▸ **Exercise requirements**:
The required output is the line with "List each element's" and each line that follows it to the end of the entries below, copied exactly and with nothing added.

Stored records:
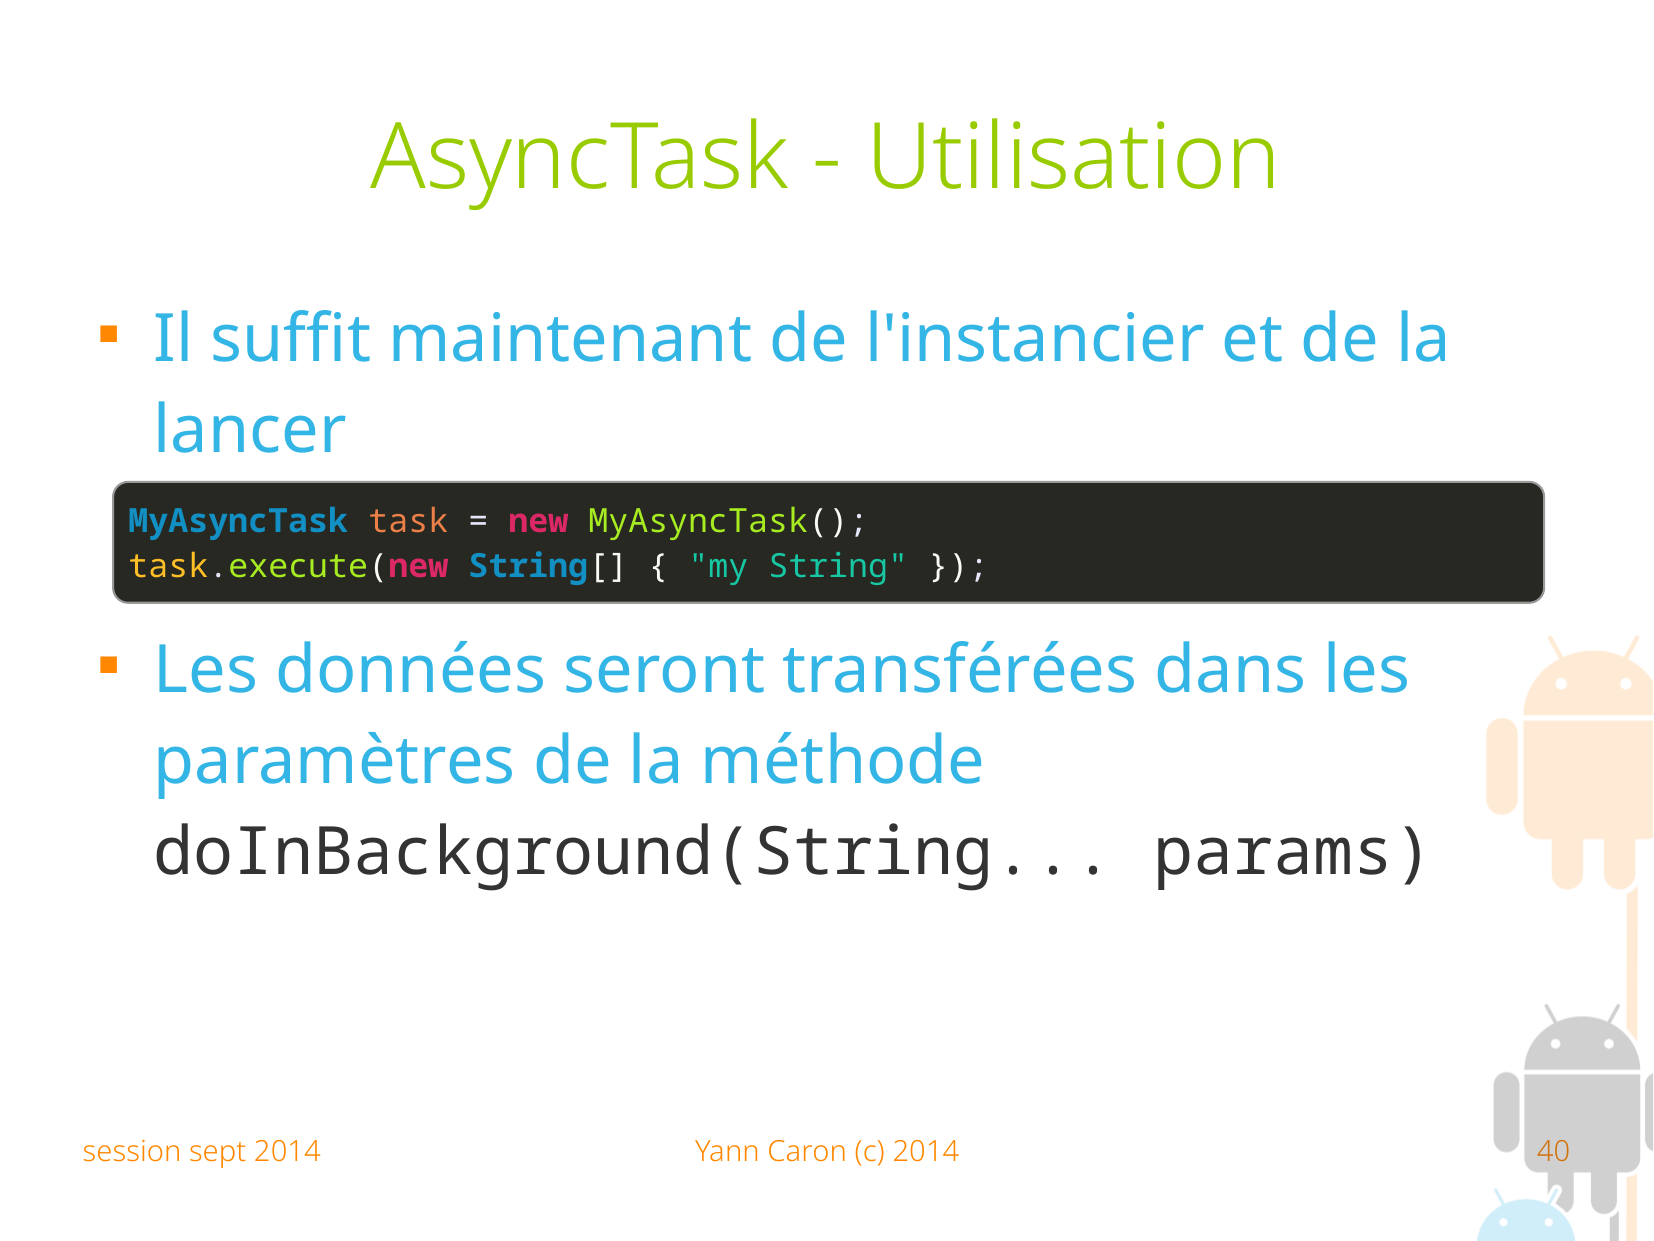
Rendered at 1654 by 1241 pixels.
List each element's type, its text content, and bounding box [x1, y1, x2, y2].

text_box MyAsyncTask task = new MyAsyncTask(); task.execute(new String[] { "my String" }); [113, 481, 1545, 591]
title AsyncTask - Utilisation [82, 49, 1571, 257]
picture [240, 423, 1654, 1241]
list Il suffit maintenant de l'instancier et de la lancer Les données seront transférées dans les paramètres de la méthode doInBackground(String... params) [82, 290, 1571, 1010]

▸ **Response below**:
List each element's type, its text content, and bounding box [x1, y1, x2, y2].

text_box MyAsyncTask task = new MyAsyncTask(); task.execute(new String[] { "my String" }); [113, 481, 1545, 591]
title AsyncTask - Utilisation [82, 49, 1571, 257]
picture [240, 423, 1654, 1241]
list Il suffit maintenant de l'instancier et de la lancer Les données seront transférées dans les paramètres de la méthode doInBackground(String... params) [82, 290, 1571, 1010]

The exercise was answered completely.